Voto antecipado, voto por correspondência, voto eletrónico: estas formas são hoje comuns em diversos países e não consta que, salvo as delirantes acusações não provadas de fraude por parte do ex-presidente Trump, tenham surgido contestações significativas aos resultados apurados por estas vias. A insistência na exclusividade do voto presencial, a pretexto da segurança e da garantia da liberdade do cidadão, é uma falácia: todos os dias, em todo o mundo, realizam-se milhões de transações digitais com plena segurança; por que artes demoníacas não seria possível garantir a mesma segurança para um simples voto? O mesmo se diga do voto por correspondência, embora aqui haja que contar com a eficiência do serviço postal, o que, depois da privatização dos CTT e à luz das deficiências do serviço detetadas nos últimos anos, pode exigir uma contratualização rigorosa entre o Estado e a empresa.
Na sua entrevista, o Presidente defende que é necessária uma revisão da Lei Eleitoral (nos diplomas respetivos que regem as diversas eleições) que acolha formas alternativas de votação, com especial incidência no eleitorado que se encontra fora do país, onde a taxa de participação por voto presencial é, naturalmente, baixíssima. Uma tal revisão permitiria também mexer nos prazos, que há muito penso devem ser encurtados, porque os vigentes já não se conformam com a velocidade de circulação da informação nas nossas sociedades. Exigir um mínimo de 80 dias para marcação de eleições legislativas por queda do governo parece um exagero; regulamentar ao milímetro as campanhas eleitorais como se elas continuassem a ser eminentemente presenciais é uma visão obsoleta da forma como hoje se faz a comunicação política em contínuo, designadamente pela substituição do contacto direto pela comunicação televisiva e pelos meios digitais; prever quase dois meses até à tomada de posse de um novo governo saído de eleições é uma aberração (no sistema britânico, o novo primeiro-ministro entra em funções 48 horas depois do apuramento do resultado eleitoral…); suspender o decurso dos prazos por causa de duas ou três freguesias que boicotaram as eleições é “benefício ao infrator”.

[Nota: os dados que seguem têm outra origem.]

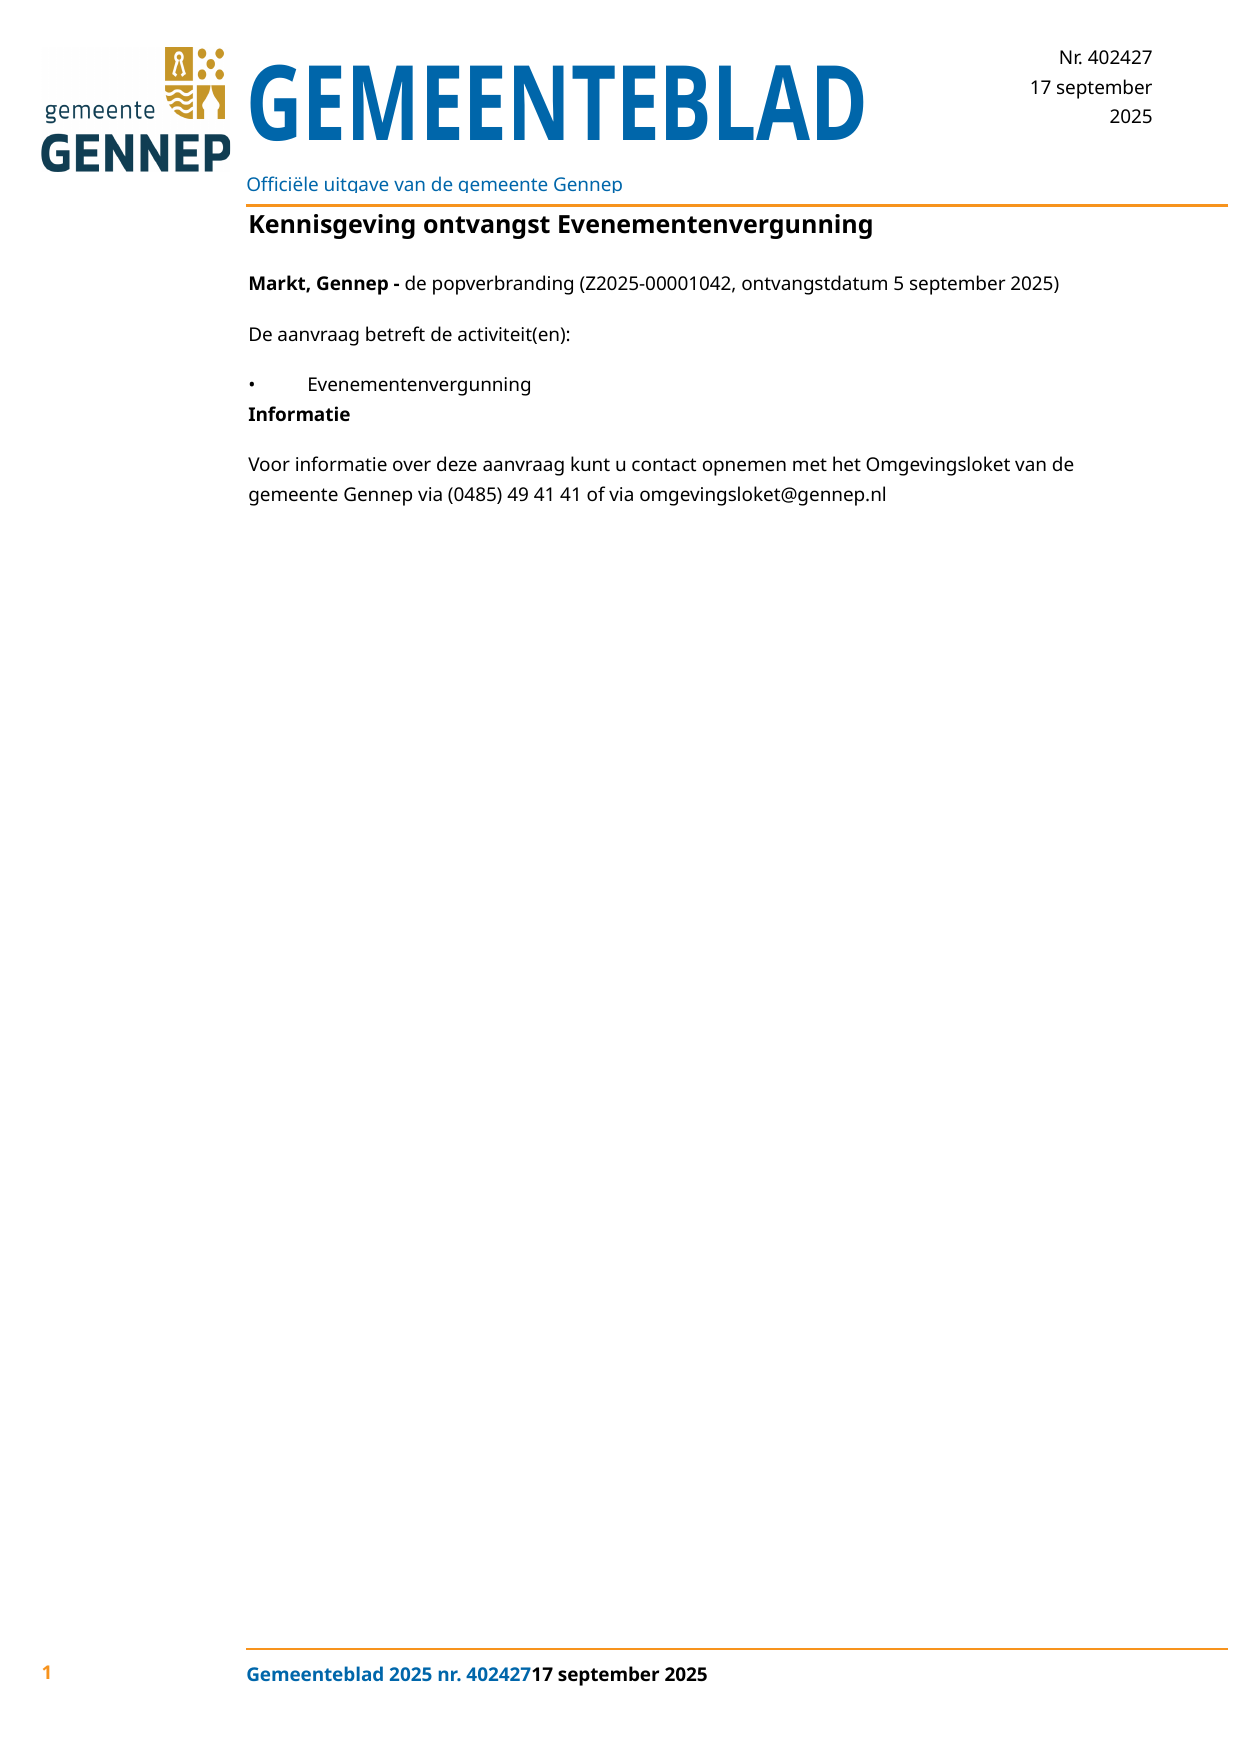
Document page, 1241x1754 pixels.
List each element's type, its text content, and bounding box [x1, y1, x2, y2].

text Kennisgeving ontvangst Evenementenvergunning [248, 207, 1152, 241]
picture [41, 47, 231, 172]
list Evenementenvergunning [248, 371, 1152, 397]
text De aanvraag betreft de activiteit(en): [248, 321, 1152, 346]
text Informatie [248, 401, 1152, 426]
text Markt, Gennep - de popverbranding (Z2025-00001042, ontvangstdatum 5 september 2025) [248, 270, 1152, 296]
text Voor informatie over deze aanvraag kunt u contact opnemen met het Omgevingsloket van de gemeente Gennep via (0485) 49 41 41 of via omgevingsloket@gennep.nl [248, 451, 1152, 506]
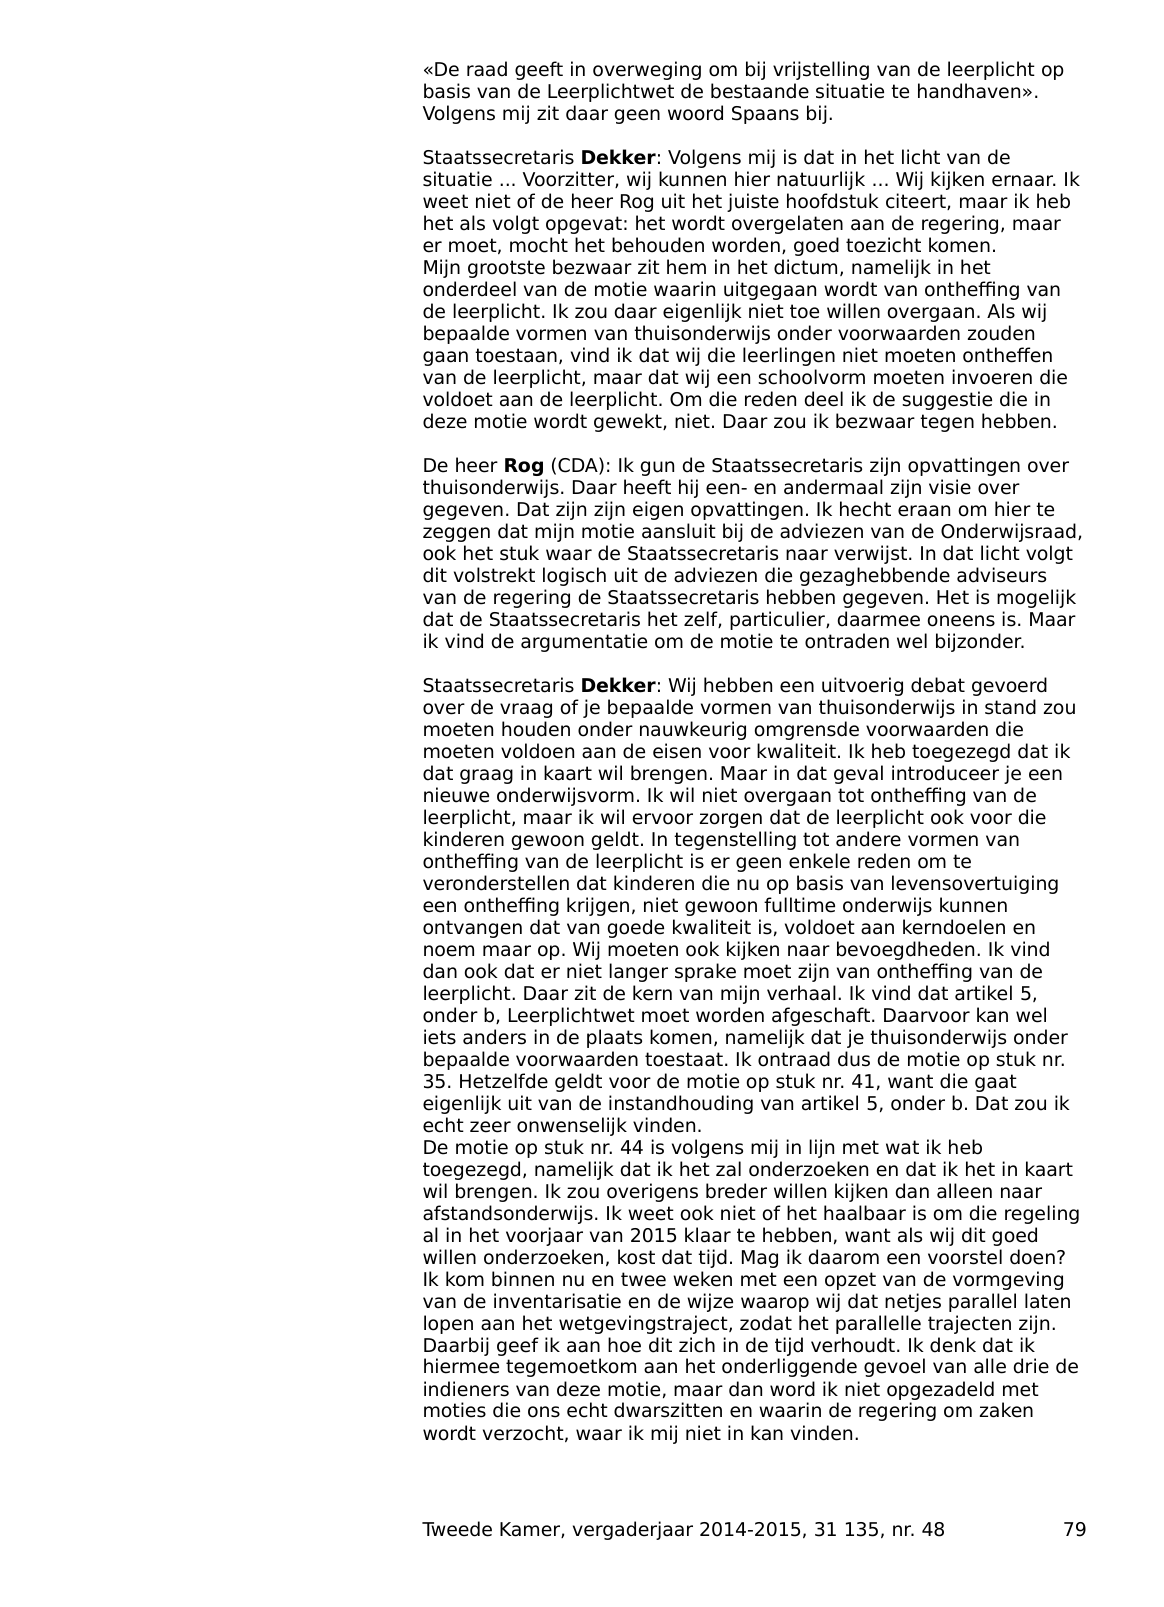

De uma forma geral, torna-se necessário ponderar que há “fantasmas” herdados do regime anterior a 1974 cuja silhueta se esbateu ao longo do quase meio século (!) decorrido desde a instauração da democracia. Convém, por isso, simplificar processos e eliminar as garantias comprovadamente excessivas. Tornar o voto mais acessível, diversificado e moderno é sintonizar o regime com a evolução da opinião pública e aproximar os cidadãos dos seus representantes. E isso não deixará de ser um meio eficaz de combate à abstenção.